We also compute an axisymmetric numerical simulation, with conditions appropriate for a high velocity clump in a PN. We find that the density structure

initially shows a working surface and a low density cavity that agree well with the analytic predictions (see Figure 4). However, at later times the numerical working surface develops bow shock wings that are considerably broader than the ones of the analytic prediction (see Figures 4 and 5). The position of the leading region of the working surface shows a reasonably good agreement with the analytic model for all of the computed times.

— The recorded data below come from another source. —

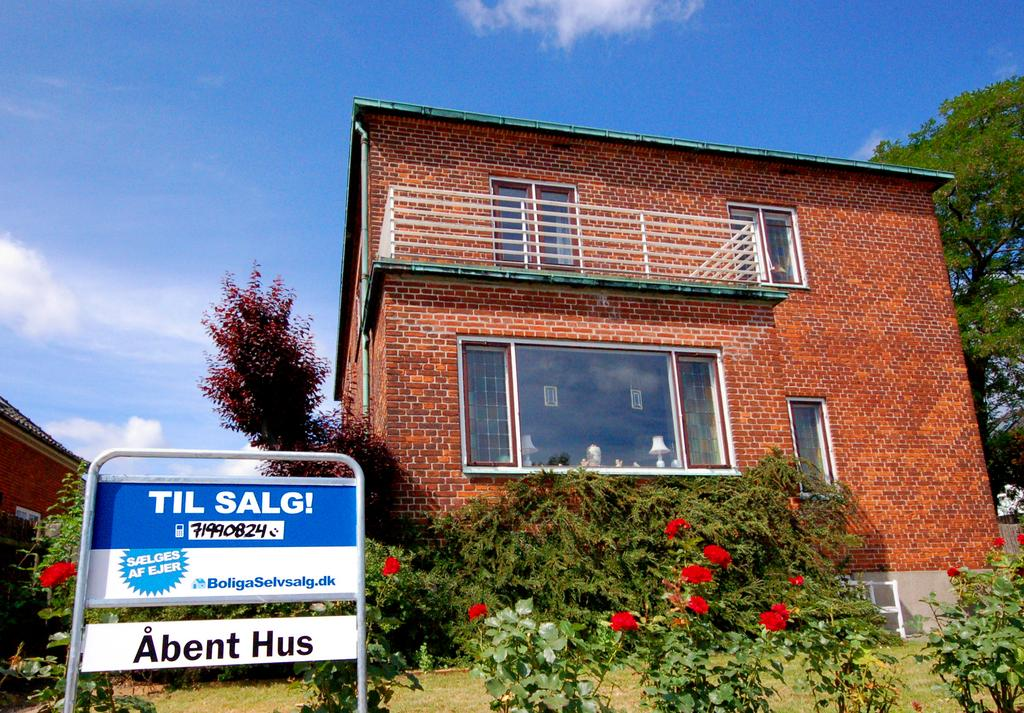What type of structures can be seen in the image? There are buildings in the image. What natural elements are present in the image? There are trees and flower plants in the image. What man-made object with writing can be seen in the image? There is a board with writing in the image. What is visible in the background of the image? The sky is visible in the background of the image. What type of bean is being used to fix the suit in the image? There is no bean or suit present in the image. What tool is being used to tighten the wrench in the image? There is no wrench or tool present in the image. 
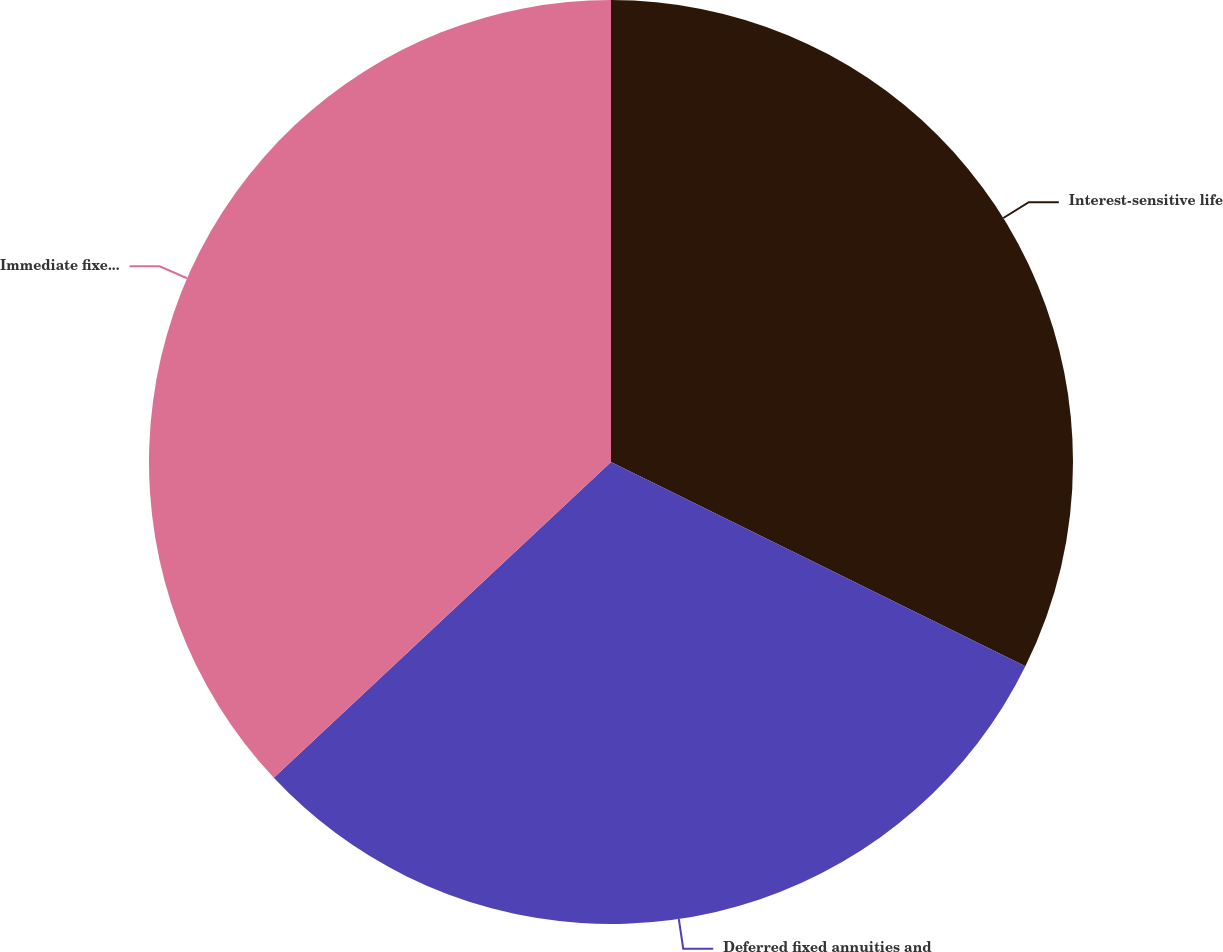Convert chart to OTSL. <chart><loc_0><loc_0><loc_500><loc_500><pie_chart><fcel>Interest-sensitive life<fcel>Deferred fixed annuities and<fcel>Immediate fixed annuities with<nl><fcel>32.29%<fcel>30.73%<fcel>36.98%<nl></chart> 
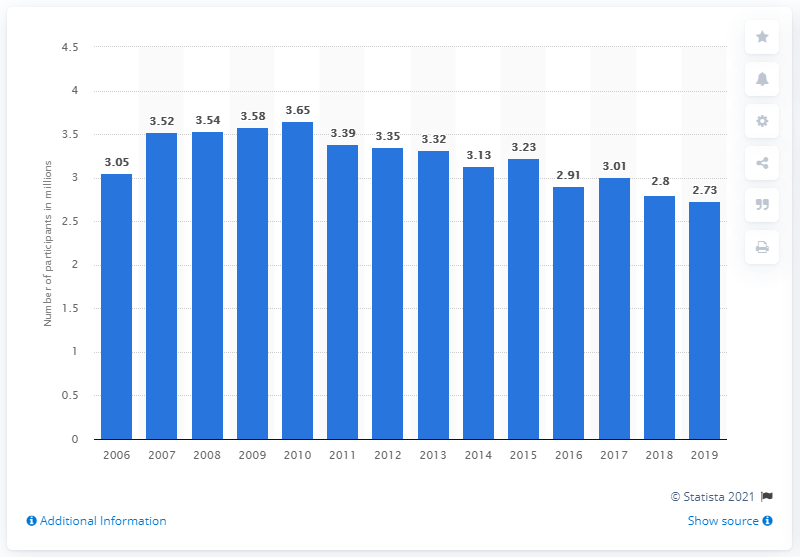Identify some key points in this picture. In 2019, approximately 2.73 million individuals participated in wakeboarding in the United States. 
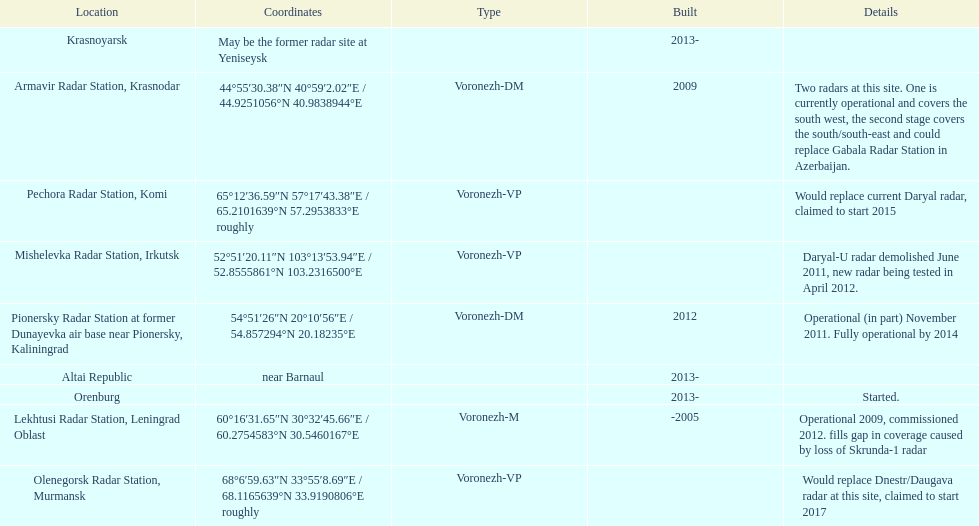What is the only radar that will start in 2015? Pechora Radar Station, Komi. Could you parse the entire table as a dict? {'header': ['Location', 'Coordinates', 'Type', 'Built', 'Details'], 'rows': [['Krasnoyarsk', 'May be the former radar site at Yeniseysk', '', '2013-', ''], ['Armavir Radar Station, Krasnodar', '44°55′30.38″N 40°59′2.02″E\ufeff / \ufeff44.9251056°N 40.9838944°E', 'Voronezh-DM', '2009', 'Two radars at this site. One is currently operational and covers the south west, the second stage covers the south/south-east and could replace Gabala Radar Station in Azerbaijan.'], ['Pechora Radar Station, Komi', '65°12′36.59″N 57°17′43.38″E\ufeff / \ufeff65.2101639°N 57.2953833°E roughly', 'Voronezh-VP', '', 'Would replace current Daryal radar, claimed to start 2015'], ['Mishelevka Radar Station, Irkutsk', '52°51′20.11″N 103°13′53.94″E\ufeff / \ufeff52.8555861°N 103.2316500°E', 'Voronezh-VP', '', 'Daryal-U radar demolished June 2011, new radar being tested in April 2012.'], ['Pionersky Radar Station at former Dunayevka air base near Pionersky, Kaliningrad', '54°51′26″N 20°10′56″E\ufeff / \ufeff54.857294°N 20.18235°E', 'Voronezh-DM', '2012', 'Operational (in part) November 2011. Fully operational by 2014'], ['Altai Republic', 'near Barnaul', '', '2013-', ''], ['Orenburg', '', '', '2013-', 'Started.'], ['Lekhtusi Radar Station, Leningrad Oblast', '60°16′31.65″N 30°32′45.66″E\ufeff / \ufeff60.2754583°N 30.5460167°E', 'Voronezh-M', '-2005', 'Operational 2009, commissioned 2012. fills gap in coverage caused by loss of Skrunda-1 radar'], ['Olenegorsk Radar Station, Murmansk', '68°6′59.63″N 33°55′8.69″E\ufeff / \ufeff68.1165639°N 33.9190806°E roughly', 'Voronezh-VP', '', 'Would replace Dnestr/Daugava radar at this site, claimed to start 2017']]} 
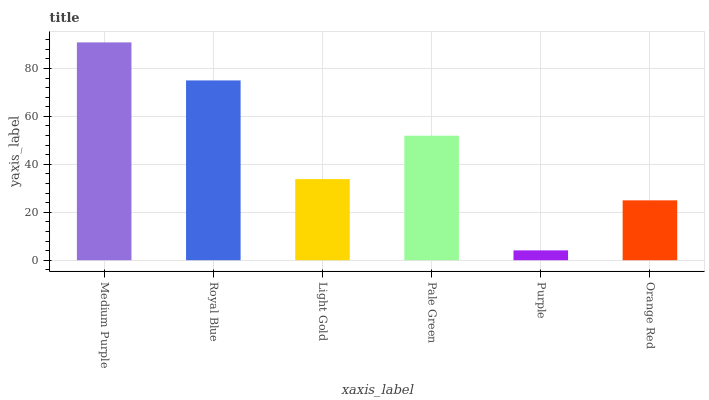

From the numerical simulation, we have calculated H*α* maps (Figures 6 and 7) and PV diagrams (Figures 8 to
11). We find that the PV diagrams do show
the linear radial velocity vs. position “Hubble law” predicted from the analytic
models (see Figures 8 and 9).

Therefore, we have found a new way of straightforwardly obtaining clump-like outflows
with a “Hubble law” linear radial velocity ramp joining them to the outflow source.
This is an alternative scenario to the one of the “single peak radial velocity
pulse” model of ^{Raga et al. (2020a},^{b)}, which also produces “Hubble law clumps”.
Clearly, these two possibilities are useful as guidelines to obtaining detailed
models of structures with these characteristics in PN (see, e.g., ^{Dennis et al. 2008}) or in outflows in star
formation regions (see, e.g., ^{Zapata et al.
2020}).

We end by noting that the results presented in this paper directly depend on quite arbitrary assumptions of a pulse-like ejection and a non-top hat ejection velocity cross section. Reasonable arguments for these two assumptions can be presented:

an ejection with a limited duration is partially justified by the observation of clump-like flows in outflows from young and evolved stars, which most likely imply such a time-limited ejection,

a non-top hat outflow cross section could be the result of a magnetocentrifugal ejection from an accretion disk (which produces higher outflow velocities from the inner regions of the disk), or the result of an initial, turbulent outflow region that generates the centrally peaked velocity profile.

This is by no means a concrete proof that the characteristics that we have assumed for the outflow are correct. This type of uncertainty is present in the vast majority of the jet models in the astrophysical literature, many of which share the assumption of a simple but unlikely “sudden turn-on”, top hat cross section” ejection.